____ SOURCE MATERIAL
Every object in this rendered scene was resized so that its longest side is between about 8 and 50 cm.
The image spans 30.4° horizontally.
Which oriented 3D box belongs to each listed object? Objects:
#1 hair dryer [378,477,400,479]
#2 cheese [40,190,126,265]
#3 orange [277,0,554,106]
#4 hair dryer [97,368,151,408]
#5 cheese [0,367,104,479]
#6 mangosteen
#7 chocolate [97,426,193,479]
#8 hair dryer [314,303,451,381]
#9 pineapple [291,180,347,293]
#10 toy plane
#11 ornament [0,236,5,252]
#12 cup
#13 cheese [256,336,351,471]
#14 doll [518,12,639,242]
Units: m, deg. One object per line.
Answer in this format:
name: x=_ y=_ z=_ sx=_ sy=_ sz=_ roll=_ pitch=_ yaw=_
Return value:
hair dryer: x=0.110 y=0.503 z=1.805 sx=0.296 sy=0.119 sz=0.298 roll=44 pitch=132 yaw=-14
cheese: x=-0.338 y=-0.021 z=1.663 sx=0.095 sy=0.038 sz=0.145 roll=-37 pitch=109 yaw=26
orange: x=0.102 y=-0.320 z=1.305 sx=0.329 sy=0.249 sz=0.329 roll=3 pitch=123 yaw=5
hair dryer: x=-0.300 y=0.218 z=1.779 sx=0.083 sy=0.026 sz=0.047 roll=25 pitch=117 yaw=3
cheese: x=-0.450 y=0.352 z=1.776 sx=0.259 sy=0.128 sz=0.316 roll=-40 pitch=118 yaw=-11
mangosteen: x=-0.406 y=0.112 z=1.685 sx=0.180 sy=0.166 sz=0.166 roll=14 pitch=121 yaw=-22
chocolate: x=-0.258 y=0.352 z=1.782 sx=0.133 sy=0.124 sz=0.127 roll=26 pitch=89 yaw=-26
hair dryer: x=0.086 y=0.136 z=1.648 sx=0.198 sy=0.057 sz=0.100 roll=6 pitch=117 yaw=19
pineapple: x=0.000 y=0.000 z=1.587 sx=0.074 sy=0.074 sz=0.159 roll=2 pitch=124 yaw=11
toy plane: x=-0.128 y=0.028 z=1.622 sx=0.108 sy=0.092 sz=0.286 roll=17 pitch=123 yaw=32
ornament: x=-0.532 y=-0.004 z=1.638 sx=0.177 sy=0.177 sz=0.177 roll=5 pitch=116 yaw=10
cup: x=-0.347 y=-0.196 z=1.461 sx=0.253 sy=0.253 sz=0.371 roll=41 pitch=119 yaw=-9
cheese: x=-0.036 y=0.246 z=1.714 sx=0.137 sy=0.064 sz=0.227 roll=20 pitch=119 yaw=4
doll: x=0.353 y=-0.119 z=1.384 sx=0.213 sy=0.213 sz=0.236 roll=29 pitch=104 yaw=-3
________
**PROBLEM**
Every line above that includes the word "this" must appear in the answer.

**THE COMPLETED TASK**
Every object in this rendered scene was resized so that its longest side is between about 8 and 50 cm.
Answer in this format:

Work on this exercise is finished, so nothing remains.